Records contained in a dataset
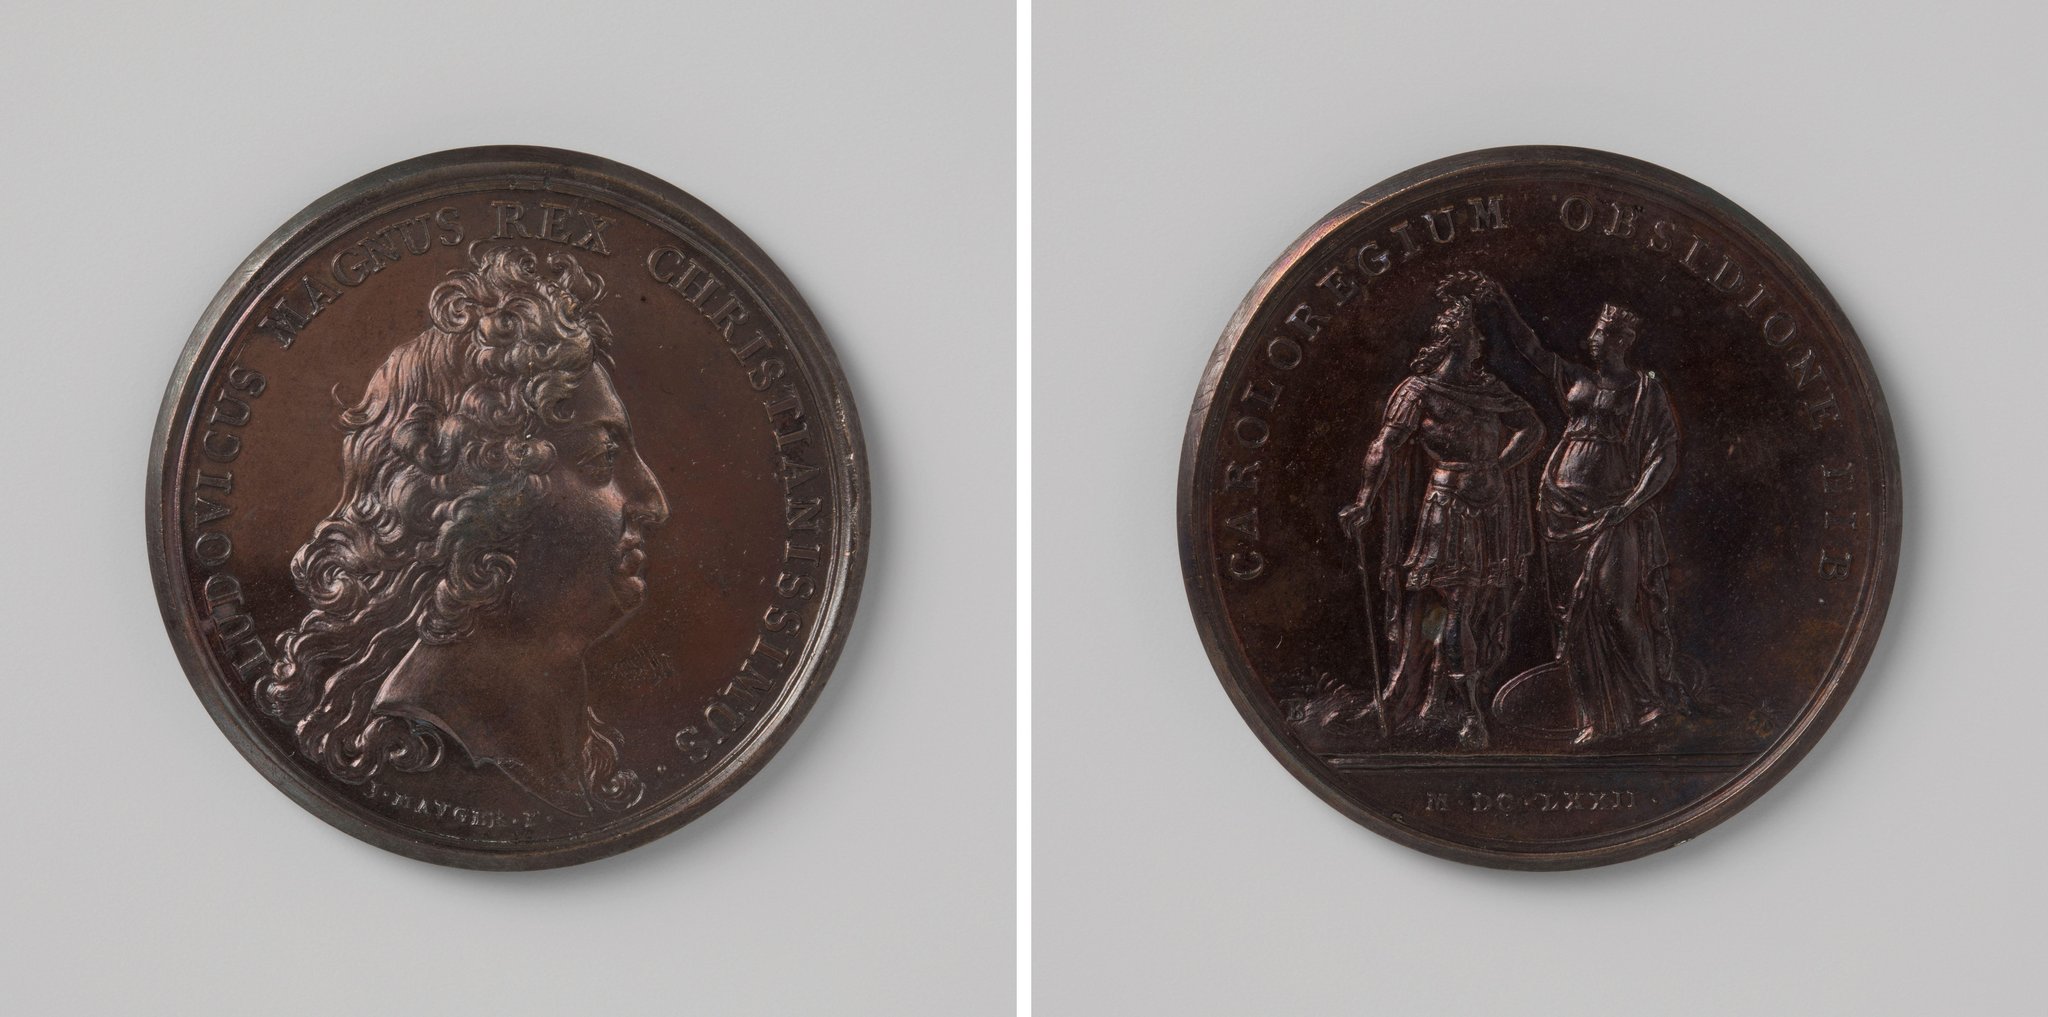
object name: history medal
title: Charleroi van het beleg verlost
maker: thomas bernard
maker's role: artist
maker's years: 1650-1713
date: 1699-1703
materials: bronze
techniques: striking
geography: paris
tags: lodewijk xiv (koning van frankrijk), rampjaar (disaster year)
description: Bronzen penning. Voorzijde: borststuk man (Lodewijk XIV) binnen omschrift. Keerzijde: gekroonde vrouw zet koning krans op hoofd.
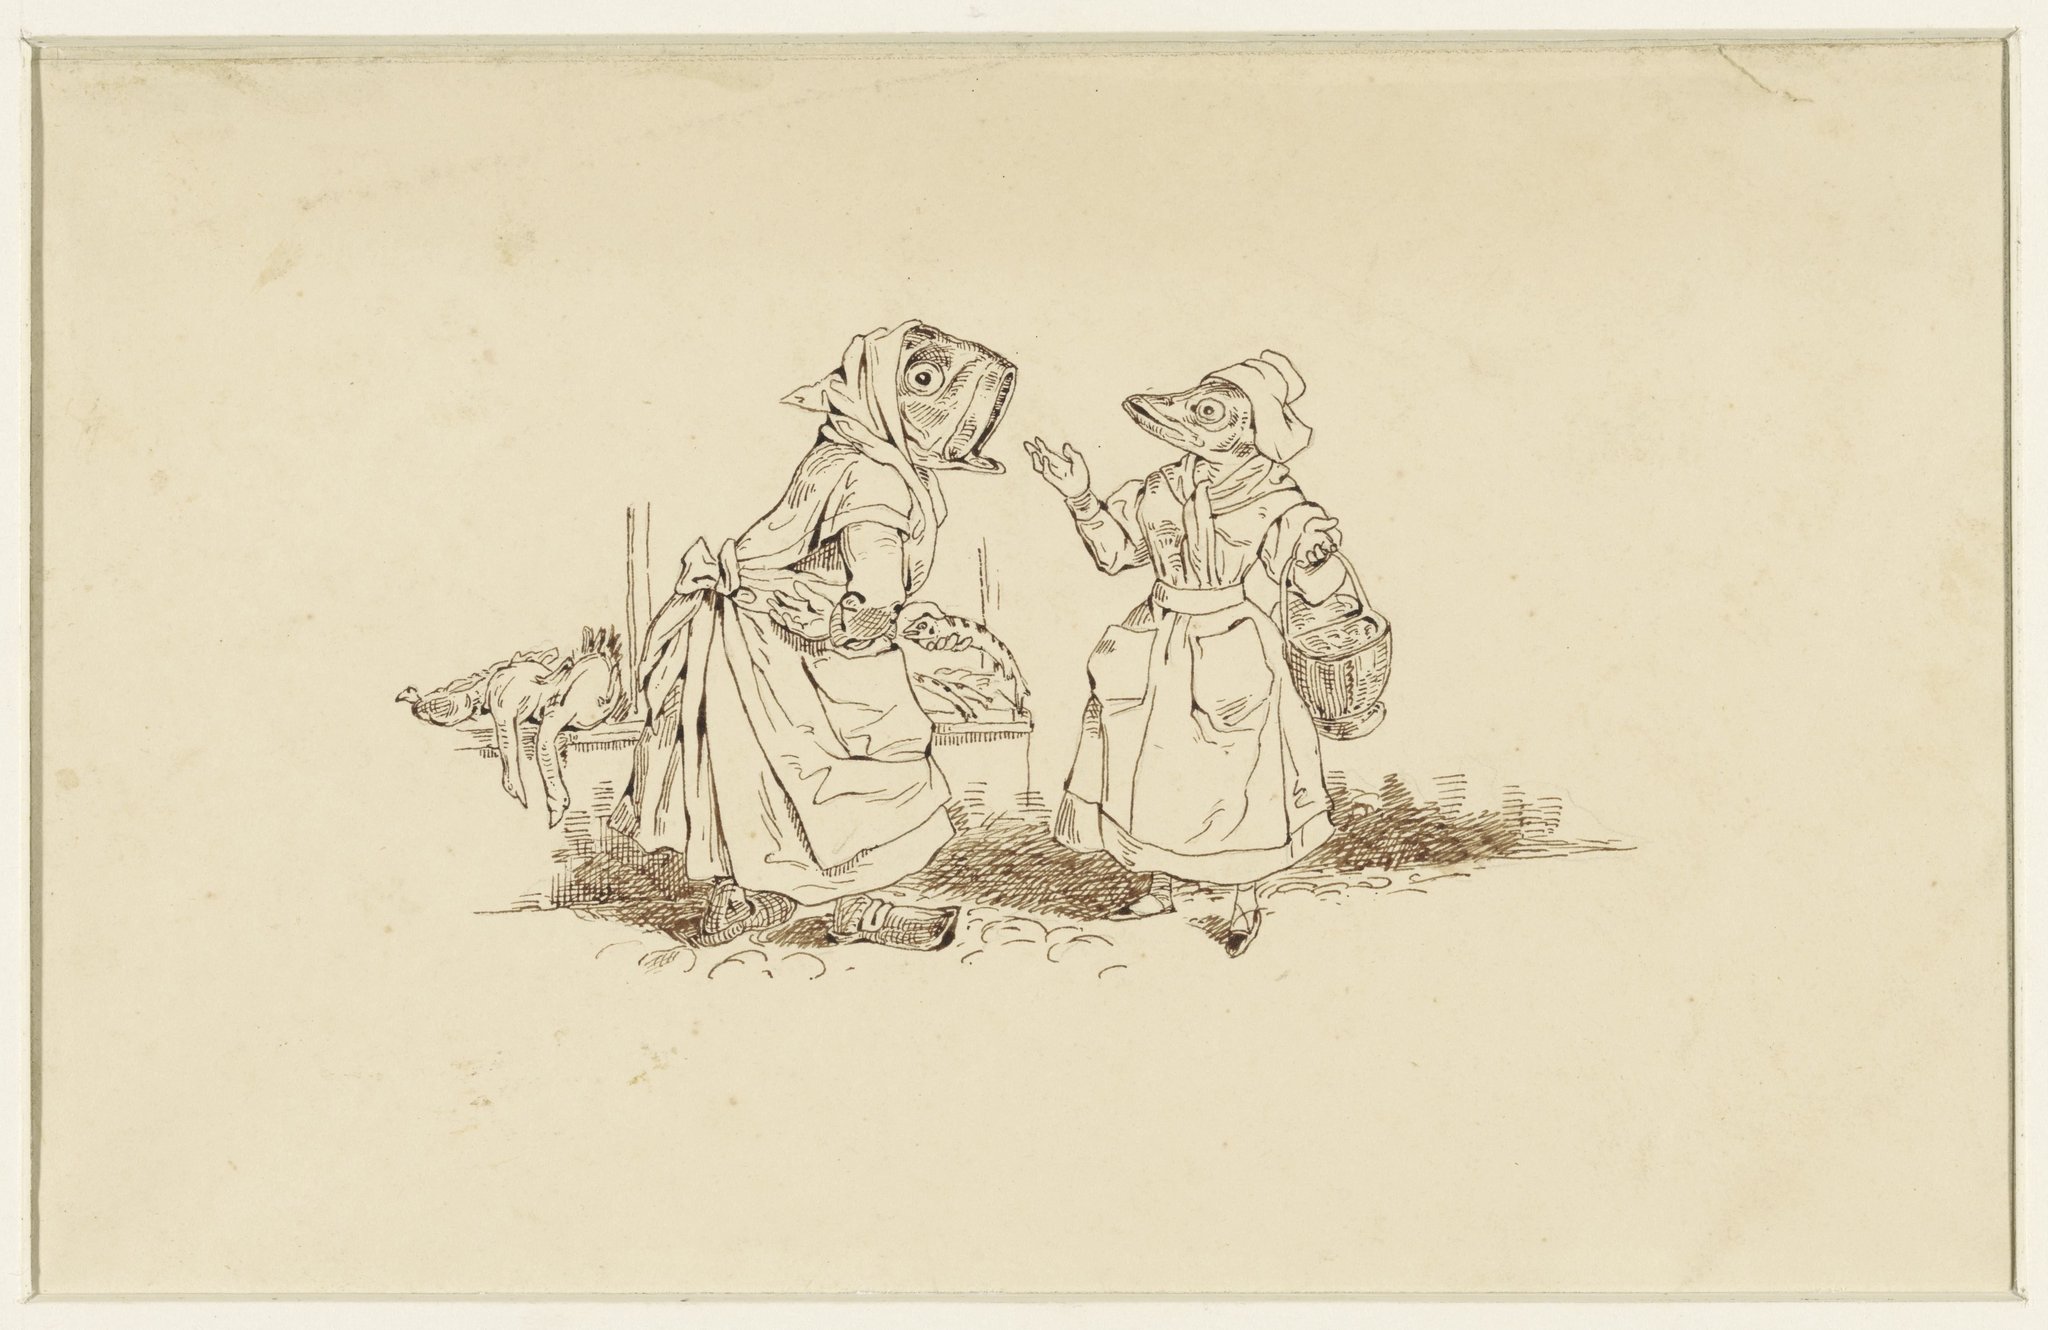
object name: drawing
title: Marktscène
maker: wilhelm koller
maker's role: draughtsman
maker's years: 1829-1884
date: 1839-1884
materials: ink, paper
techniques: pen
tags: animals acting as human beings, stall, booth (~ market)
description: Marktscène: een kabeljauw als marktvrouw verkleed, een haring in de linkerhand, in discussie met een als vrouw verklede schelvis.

Problem requirements
Set down the entries above word for word, but drop any image.

Result of the task
object name: history medal
title: Charleroi van het beleg verlost
maker: thomas bernard
maker's role: artist
maker's years: 1650-1713
date: 1699-1703
materials: bronze
techniques: striking
geography: paris
tags: lodewijk xiv (koning van frankrijk), rampjaar (disaster year)
description: Bronzen penning. Voorzijde: borststuk man (Lodewijk XIV) binnen omschrift. Keerzijde: gekroonde vrouw zet koning krans op hoofd.
object name: drawing
title: Marktscène
maker: wilhelm koller
maker's role: draughtsman
maker's years: 1829-1884
date: 1839-1884
materials: ink, paper
techniques: pen
tags: animals acting as human beings, stall, booth (~ market)
description: Marktscène: een kabeljauw als marktvrouw verkleed, een haring in de linkerhand, in discussie met een als vrouw verklede schelvis.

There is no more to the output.